那天课间的时候,广播忽然响起:“请接待德国学生的同学速到会议室。”惊喜的遗憾的羡慕的种种色调开始蔓延。也许是出于对新事物的好奇,也许是早已听说高颜值高海拔的缘故,女生们叽叽喳喳,频繁地向门口探望,连带着那个下午的阳光都变得蠢蠢欲动。
真正见到他们大批出现的时候,是在早晨出操。彼时,我们正套着清一色的冬季校服,大红色,带着喜庆的滑稽。而他们,背着双肩包,身上的春装有三月的气息。略显拘谨,不尴不尬地微微一笑,感叹一声,果然,如此。

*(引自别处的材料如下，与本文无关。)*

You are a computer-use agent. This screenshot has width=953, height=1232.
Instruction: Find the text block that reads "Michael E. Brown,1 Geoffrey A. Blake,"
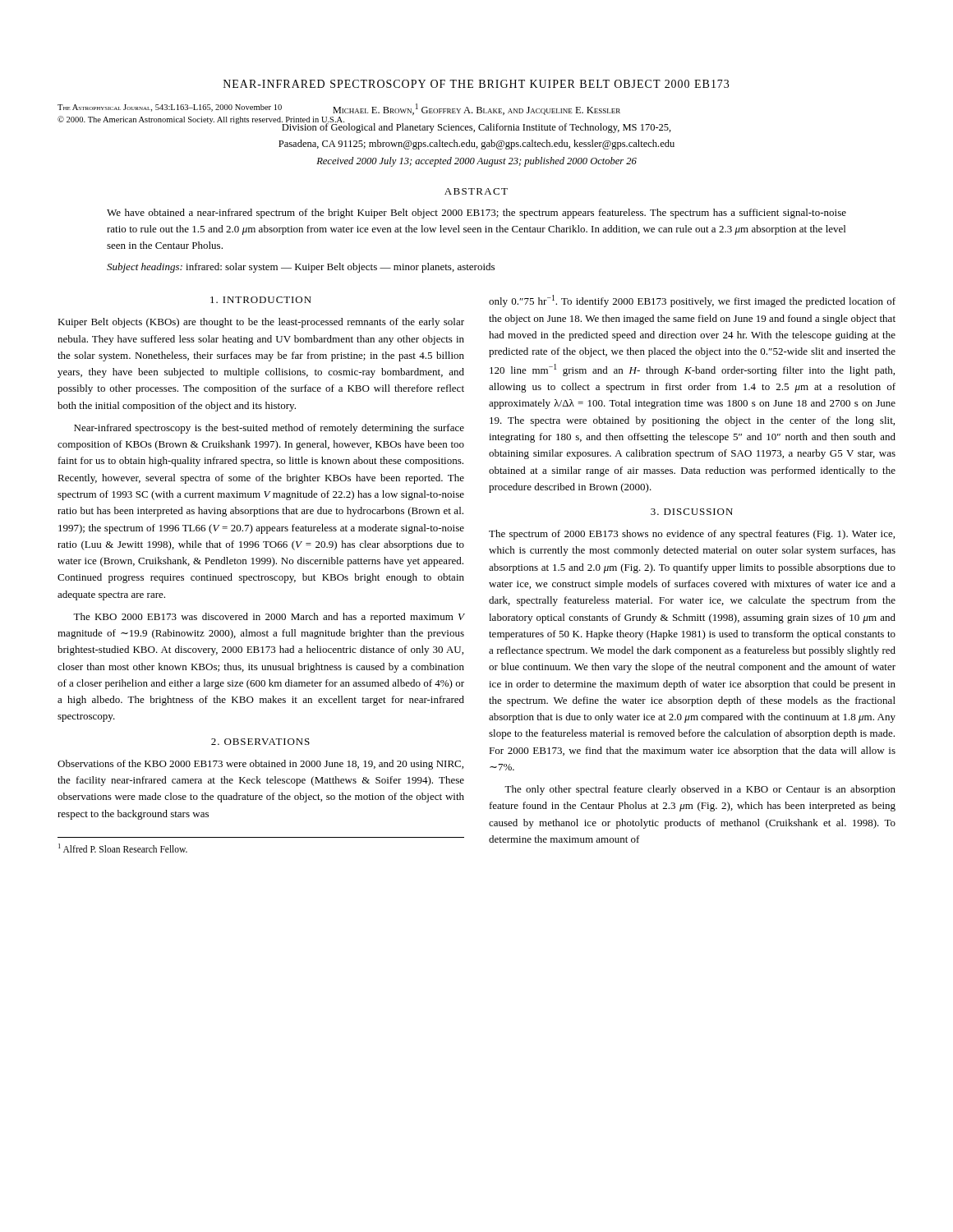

之后,他们依然是来交流学习的德国学生,而我们,仍旧本本分分地当着中国式高中生。一切似乎都恢复了平静。像一池水,偶尔的一粒石子,晃几圈波纹,再无荡漾。
只是又有什么悄悄地变了。
再套上校服的时候,会偷偷撇一撇嘴;看见手机屏上过百的污染指数,会尴尬地垂一垂眉······那些曾经早已习惯的人、事、景,如今瞧一瞧,似乎总欠着些妥当。
也许正像y同学感慨的那样:“在他们来的时候,才会觉得自己的国家不够好。”那种心情,似乎有些像小学生疯玩过后,绞着衣角等着检查作业。
只有自己人的时候,我们可以坦荡荡的把一切扯开来看,那些暗淡的灰色的不尽如人意的就这样曝着,最终成为生活里习以为常的一部分,再也想不起来去剔除、漂白、修补。直到有一天,当你的世界闯进几个陌生的所谓“外人”,你站在他们身旁,尝试着用上帝视角去打量这个再熟悉不过的地方,才猛然惊觉——自己一直做着一个冗长的梦。
并非是真的有多差,只是缺少了对生活敏锐的感知,不在意那些灰黑色的斑驳,那些时起的枯盛,偶绽的色调。
也许我们,只是需要一个偶尔的上帝视角。